In exchange for 100 percent of the issued and outstanding securities of Global, LFDG will issue the stockholders of Global approximately 1.5 million shares of a newly issued, convertible preferred stock. The shares of preferred stock shall be convertible into shares of LFDG common stock based upon certain terms and conditions on a 1-for-1 basis.
Concurrent with the closing of the merger, Global will enter into a management agreement with LFDG, whereby Global will pay LFDG a management fee of $200,000 to assist Global with its business development. LFDG will also supervise the potential "spin-off" of Global to the stockholders of LFDG, wherein LFDG's stockholders will receive 10 percent of the Global shares, and the existing stockholders of Global will receive 90 percent of the shares of Global upon conversion of LFDG's preferred stock. A promissory note for $50,000 of the management fee was paid concurrent with the signing of the letter of intent and when paid shall be non-refundable.
Pursuant to the terms of the management agreement, Global shall make the election to be spun off from LFDG within 12 months from the closing date, which election shall be made at the decision of a majority of the holders of the convertible preferred stock received in the merger.

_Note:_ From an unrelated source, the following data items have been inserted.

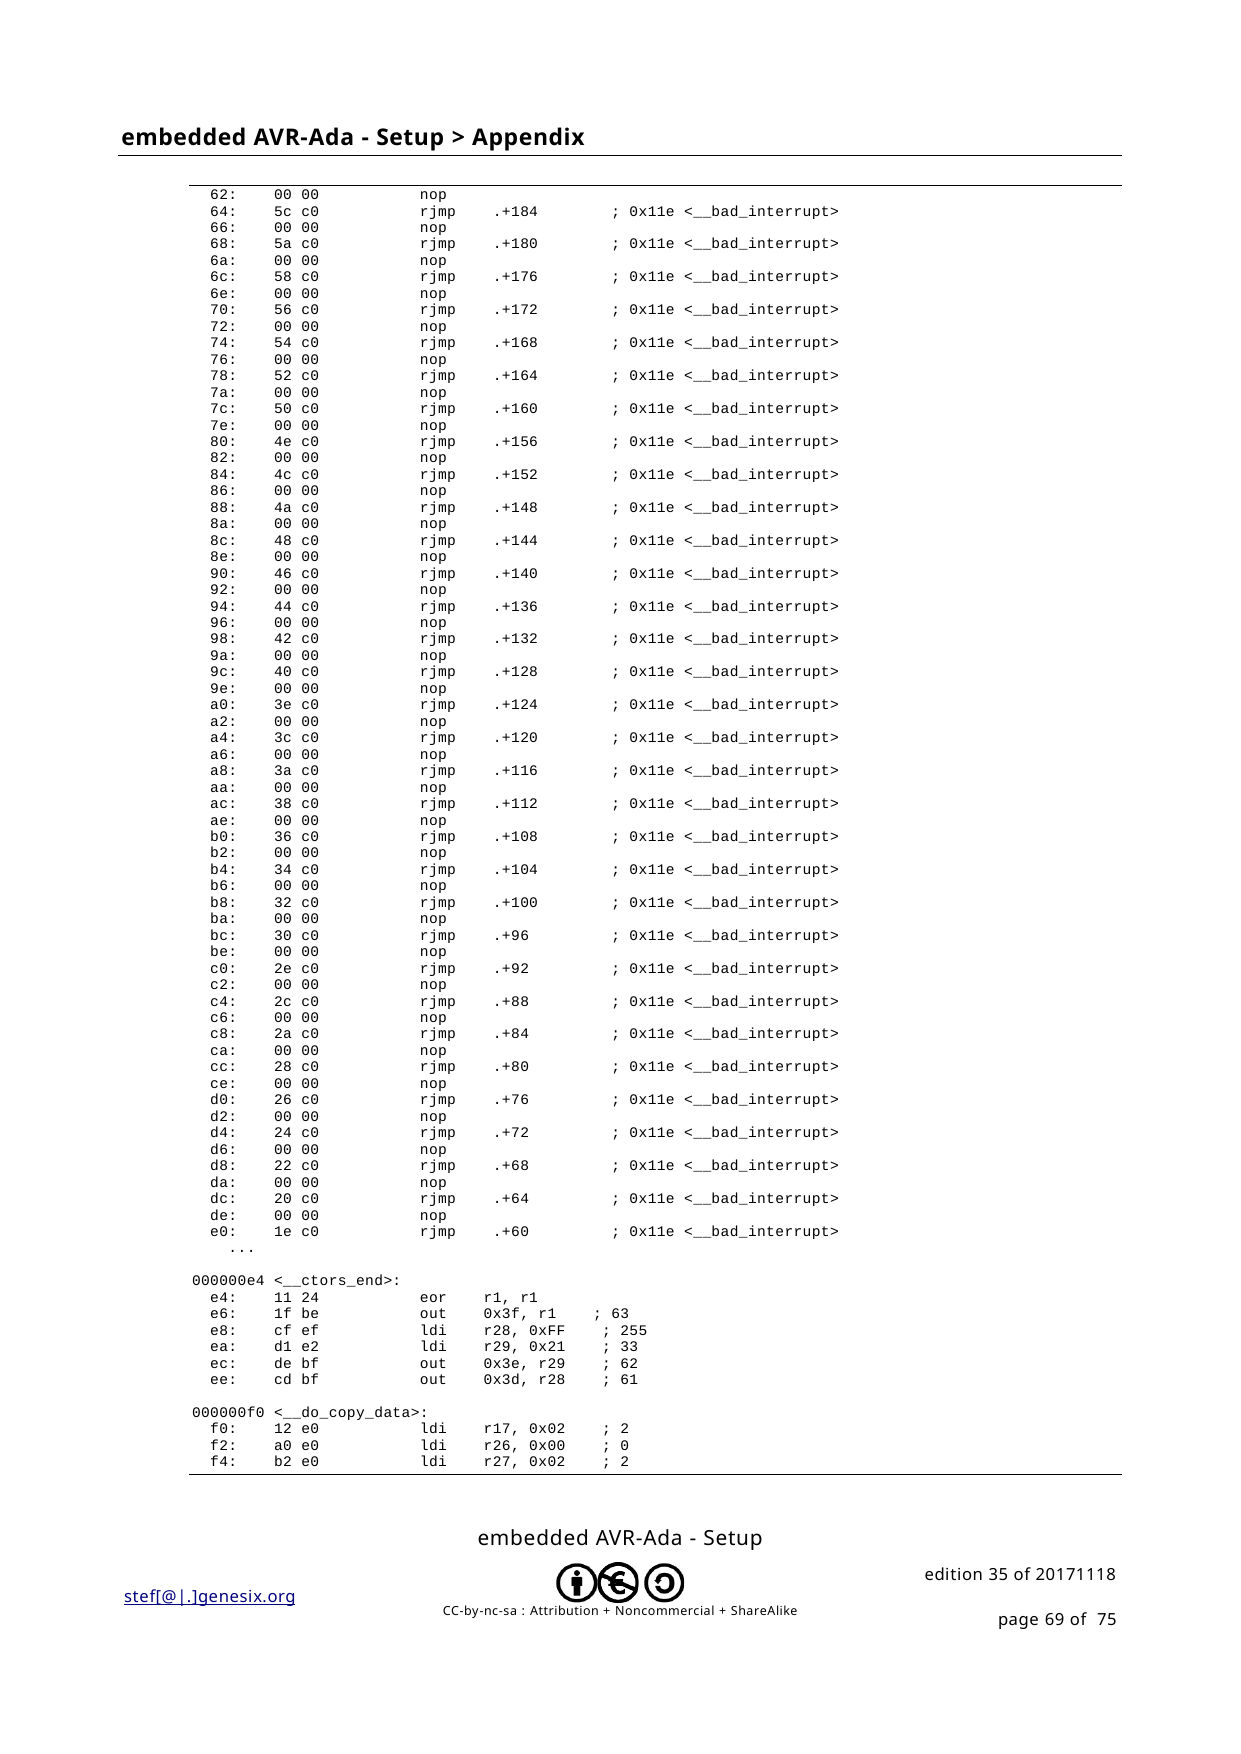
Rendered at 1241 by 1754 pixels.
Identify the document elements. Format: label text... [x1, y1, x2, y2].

list 7c: 50 c0 rjmp .+160 ; 0x11e <__bad_interrupt> [189, 398, 1122, 415]
list d2: 00 00 nop [189, 1106, 1122, 1123]
list e4: 11 24 eor r1, r1 [189, 1287, 1122, 1304]
list cc: 28 c0 rjmp .+80 ; 0x11e <__bad_interrupt> [189, 1057, 1122, 1073]
list b8: 32 c0 rjmp .+100 ; 0x11e <__bad_interrupt> [189, 892, 1122, 909]
list 74: 54 c0 rjmp .+168 ; 0x11e <__bad_interrupt> [189, 333, 1122, 349]
list ae: 00 00 nop [189, 810, 1122, 826]
list 000000f0 <__do_copy_data>: [189, 1402, 1122, 1419]
list dc: 20 c0 rjmp .+64 ; 0x11e <__bad_interrupt> [189, 1188, 1122, 1205]
list f2: a0 e0 ldi r26, 0x00 ; 0 [189, 1435, 1122, 1452]
list 000000e4 <__ctors_end>: [189, 1271, 1122, 1287]
list be: 00 00 nop [189, 942, 1122, 958]
list ea: d1 e2 ldi r29, 0x21 ; 33 [189, 1337, 1122, 1353]
list 66: 00 00 nop [189, 217, 1122, 234]
list 6e: 00 00 nop [189, 283, 1122, 300]
list 7e: 00 00 nop [189, 415, 1122, 431]
list d6: 00 00 nop [189, 1139, 1122, 1156]
list b0: 36 c0 rjmp .+108 ; 0x11e <__bad_interrupt> [189, 826, 1122, 843]
list a6: 00 00 nop [189, 744, 1122, 761]
list c8: 2a c0 rjmp .+84 ; 0x11e <__bad_interrupt> [189, 1024, 1122, 1040]
list a4: 3c c0 rjmp .+120 ; 0x11e <__bad_interrupt> [189, 728, 1122, 744]
list ... [189, 1238, 1122, 1257]
list 80: 4e c0 rjmp .+156 ; 0x11e <__bad_interrupt> [189, 431, 1122, 448]
list b2: 00 00 nop [189, 843, 1122, 859]
list 84: 4c c0 rjmp .+152 ; 0x11e <__bad_interrupt> [189, 464, 1122, 481]
list f4: b2 e0 ldi r27, 0x02 ; 2 [189, 1452, 1122, 1474]
list 68: 5a c0 rjmp .+180 ; 0x11e <__bad_interrupt> [189, 234, 1122, 250]
list 94: 44 c0 rjmp .+136 ; 0x11e <__bad_interrupt> [189, 596, 1122, 612]
list 9c: 40 c0 rjmp .+128 ; 0x11e <__bad_interrupt> [189, 662, 1122, 678]
list da: 00 00 nop [189, 1172, 1122, 1188]
picture [555, 1562, 639, 1603]
list d4: 24 c0 rjmp .+72 ; 0x11e <__bad_interrupt> [189, 1123, 1122, 1139]
list 8c: 48 c0 rjmp .+144 ; 0x11e <__bad_interrupt> [189, 530, 1122, 547]
list 8a: 00 00 nop [189, 514, 1122, 530]
list bc: 30 c0 rjmp .+96 ; 0x11e <__bad_interrupt> [189, 925, 1122, 942]
list 7a: 00 00 nop [189, 382, 1122, 398]
list aa: 00 00 nop [189, 777, 1122, 793]
list 64: 5c c0 rjmp .+184 ; 0x11e <__bad_interrupt> [189, 201, 1122, 217]
list e0: 1e c0 rjmp .+60 ; 0x11e <__bad_interrupt> [189, 1221, 1122, 1238]
list c6: 00 00 nop [189, 1007, 1122, 1024]
list b4: 34 c0 rjmp .+104 ; 0x11e <__bad_interrupt> [189, 859, 1122, 876]
list ca: 00 00 nop [189, 1040, 1122, 1057]
list 88: 4a c0 rjmp .+148 ; 0x11e <__bad_interrupt> [189, 497, 1122, 514]
list e8: cf ef ldi r28, 0xFF ; 255 [189, 1320, 1122, 1337]
list d0: 26 c0 rjmp .+76 ; 0x11e <__bad_interrupt> [189, 1090, 1122, 1106]
list b6: 00 00 nop [189, 876, 1122, 892]
list c2: 00 00 nop [189, 974, 1122, 991]
list 9a: 00 00 nop [189, 645, 1122, 662]
list 70: 56 c0 rjmp .+172 ; 0x11e <__bad_interrupt> [189, 300, 1122, 316]
list 78: 52 c0 rjmp .+164 ; 0x11e <__bad_interrupt> [189, 366, 1122, 382]
list ee: cd bf out 0x3d, r28 ; 61 [189, 1369, 1122, 1389]
list d8: 22 c0 rjmp .+68 ; 0x11e <__bad_interrupt> [189, 1156, 1122, 1172]
list 96: 00 00 nop [189, 612, 1122, 629]
list de: 00 00 nop [189, 1205, 1122, 1221]
list ba: 00 00 nop [189, 909, 1122, 925]
list 62: 00 00 nop [189, 186, 1122, 201]
list 90: 46 c0 rjmp .+140 ; 0x11e <__bad_interrupt> [189, 563, 1122, 579]
list e6: 1f be out 0x3f, r1 ; 63 [189, 1304, 1122, 1320]
list ac: 38 c0 rjmp .+112 ; 0x11e <__bad_interrupt> [189, 793, 1122, 810]
list 98: 42 c0 rjmp .+132 ; 0x11e <__bad_interrupt> [189, 629, 1122, 645]
list f0: 12 e0 ldi r17, 0x02 ; 2 [189, 1419, 1122, 1435]
list 76: 00 00 nop [189, 349, 1122, 366]
list c0: 2e c0 rjmp .+92 ; 0x11e <__bad_interrupt> [189, 958, 1122, 974]
list a2: 00 00 nop [189, 711, 1122, 728]
list 6a: 00 00 nop [189, 250, 1122, 267]
list 72: 00 00 nop [189, 316, 1122, 333]
list a0: 3e c0 rjmp .+124 ; 0x11e <__bad_interrupt> [189, 695, 1122, 711]
list 8e: 00 00 nop [189, 547, 1122, 563]
list 82: 00 00 nop [189, 448, 1122, 464]
list c4: 2c c0 rjmp .+88 ; 0x11e <__bad_interrupt> [189, 991, 1122, 1007]
list ce: 00 00 nop [189, 1073, 1122, 1090]
picture [643, 1562, 685, 1603]
list 6c: 58 c0 rjmp .+176 ; 0x11e <__bad_interrupt> [189, 267, 1122, 283]
list 9e: 00 00 nop [189, 678, 1122, 695]
list a8: 3a c0 rjmp .+116 ; 0x11e <__bad_interrupt> [189, 761, 1122, 777]
list ec: de bf out 0x3e, r29 ; 62 [189, 1353, 1122, 1369]
list 92: 00 00 nop [189, 579, 1122, 596]
list 86: 00 00 nop [189, 481, 1122, 497]

Global is required to provide LFDG with 45 days prior notice of its intention to be spun off from LFDG. If the election to be spun off is not made by Global during the 12-month period commencing on the closing date, then the shares of LFDG preferred stock shall automatically convert into shares of LFDG common stock.
The closing of the transaction is contingent upon execution of a definitive merger agreement, satisfactory due diligence on Global, the payment of the remaining balance of $150,000 of the management fee, the finalization of an audit on the financial statements of Global, and other customary conditions of a transaction of this nature. A copy of the letter of intent will be attached to a Form 8-K and will be available on the SEC's Web site (www.sec.gov).

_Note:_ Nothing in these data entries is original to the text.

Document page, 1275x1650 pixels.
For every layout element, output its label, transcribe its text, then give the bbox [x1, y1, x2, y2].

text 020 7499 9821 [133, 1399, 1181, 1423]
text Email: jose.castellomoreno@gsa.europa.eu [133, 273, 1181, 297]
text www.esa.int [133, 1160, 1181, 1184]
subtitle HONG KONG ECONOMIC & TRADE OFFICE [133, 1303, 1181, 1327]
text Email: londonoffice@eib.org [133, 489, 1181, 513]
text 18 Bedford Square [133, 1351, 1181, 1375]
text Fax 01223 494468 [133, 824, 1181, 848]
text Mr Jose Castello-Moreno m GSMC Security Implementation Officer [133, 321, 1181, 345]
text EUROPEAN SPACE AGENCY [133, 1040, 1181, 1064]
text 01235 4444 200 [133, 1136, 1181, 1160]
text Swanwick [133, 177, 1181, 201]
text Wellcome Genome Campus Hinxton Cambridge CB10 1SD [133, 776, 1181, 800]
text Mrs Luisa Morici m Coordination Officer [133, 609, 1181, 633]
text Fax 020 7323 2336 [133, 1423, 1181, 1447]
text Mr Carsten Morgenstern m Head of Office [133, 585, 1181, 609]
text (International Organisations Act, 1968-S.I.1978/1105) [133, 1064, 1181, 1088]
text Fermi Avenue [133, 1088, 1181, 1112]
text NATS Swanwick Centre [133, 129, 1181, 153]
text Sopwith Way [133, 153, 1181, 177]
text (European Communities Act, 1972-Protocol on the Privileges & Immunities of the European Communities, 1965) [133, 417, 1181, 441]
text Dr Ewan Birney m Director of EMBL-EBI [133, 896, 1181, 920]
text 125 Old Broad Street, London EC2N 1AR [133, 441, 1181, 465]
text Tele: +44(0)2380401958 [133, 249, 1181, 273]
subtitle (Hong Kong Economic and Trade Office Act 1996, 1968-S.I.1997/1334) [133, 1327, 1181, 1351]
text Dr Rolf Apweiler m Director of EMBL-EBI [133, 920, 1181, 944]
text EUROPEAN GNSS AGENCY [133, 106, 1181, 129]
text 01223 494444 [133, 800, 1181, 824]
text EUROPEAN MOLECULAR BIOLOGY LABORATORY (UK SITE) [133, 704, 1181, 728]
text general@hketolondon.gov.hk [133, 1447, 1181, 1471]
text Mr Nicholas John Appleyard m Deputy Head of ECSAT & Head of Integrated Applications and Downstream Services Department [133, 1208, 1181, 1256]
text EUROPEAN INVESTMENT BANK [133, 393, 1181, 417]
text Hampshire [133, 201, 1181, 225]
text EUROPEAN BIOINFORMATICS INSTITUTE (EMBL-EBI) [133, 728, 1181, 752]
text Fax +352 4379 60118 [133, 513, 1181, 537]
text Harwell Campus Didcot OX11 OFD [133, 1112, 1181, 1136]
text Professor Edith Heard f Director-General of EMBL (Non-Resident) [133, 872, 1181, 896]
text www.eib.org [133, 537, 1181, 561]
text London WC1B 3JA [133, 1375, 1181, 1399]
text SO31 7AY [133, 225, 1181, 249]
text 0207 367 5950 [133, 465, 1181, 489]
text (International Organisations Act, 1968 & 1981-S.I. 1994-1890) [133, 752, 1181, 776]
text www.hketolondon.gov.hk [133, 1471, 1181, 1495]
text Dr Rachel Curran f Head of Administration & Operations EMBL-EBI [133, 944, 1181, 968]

"The acquisition of Global Universal Film Group Ent. is anticipated to afford us with an ability to diversify our holdings into a highly profitable industry, allowing us the opportunity to leverage our capital at high yields with reduced risk while building shareholder value," commented Morton Reed, CEO of LFDG.
About Global Universal Film Group Ent. Inc.

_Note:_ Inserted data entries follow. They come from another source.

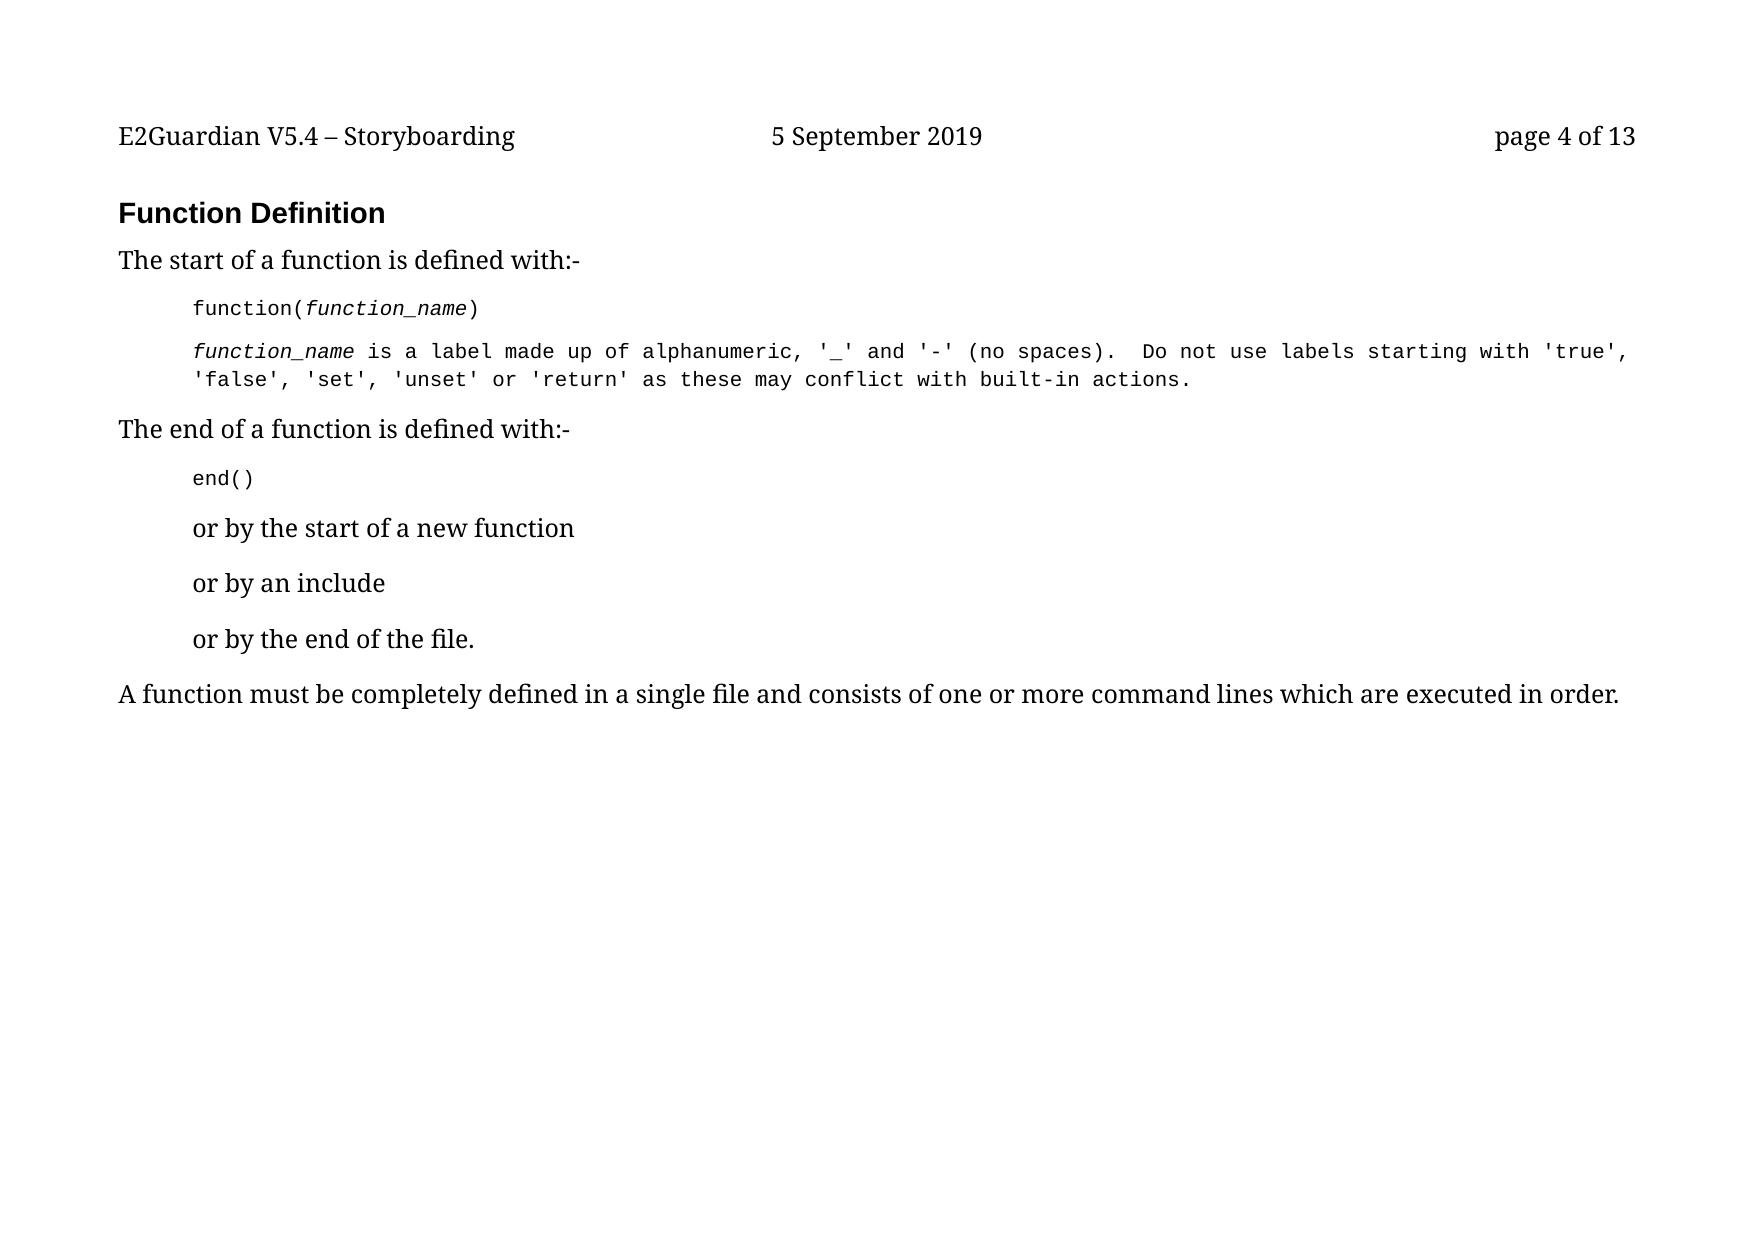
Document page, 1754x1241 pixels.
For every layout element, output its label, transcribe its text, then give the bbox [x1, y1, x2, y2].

text The start of a function is defined with:- [118, 242, 1636, 277]
text function(function_name) [192, 298, 1636, 322]
subtitle Function Definition [118, 196, 1636, 230]
text or by the start of a new function [192, 510, 1636, 544]
text or by an include [192, 566, 1636, 600]
text The end of a function is defined with:- [118, 412, 1636, 446]
text end() [192, 467, 1636, 491]
text A function must be completely defined in a single file and consists of one or more command lines which are executed in order. [118, 677, 1636, 711]
text or by the end of the file. [192, 621, 1636, 655]
text function_name is a label made up of alphanumeric, '_' and '-' (no spaces). Do not use labels starting with 'true', 'false', 'set', 'unset' or 'return' as these may conflict with built-in actions. [192, 341, 1636, 393]

Global Universal Film Group Ent. Inc. is currently engaged in film and book development, film and book production, as well as co-production financing arrangements with various countries that have established a co-production treaty for entertainment projects.
Global's President Jackelyn Giroux has written and produced several films and a book by utilizing co-production monies through co-production treaty agreements between Canada, the United Kingdom, France, Australia and Germany, and has recently entered an agreement with the Dominican Republic Film Commission to produce several films in 2006 with Canadian financing participation.
In addition, Global is presently negotiating to acquire two small film production companies that will provide Global with a library of novels and screenplays to be produced, as well as a film in post-production and another film slated to be filmed in the Dominican Republic.
"Global intends to build shareholder value by acquiring small film companies and independent film projects that have synergy with our production and financing resources," stated Giroux. "Our production team will work closely with other countries, not only because of financing relationships, but also because of subject matters we feel can cross over delivering a worldwide, universal message that has significant marketing appeal."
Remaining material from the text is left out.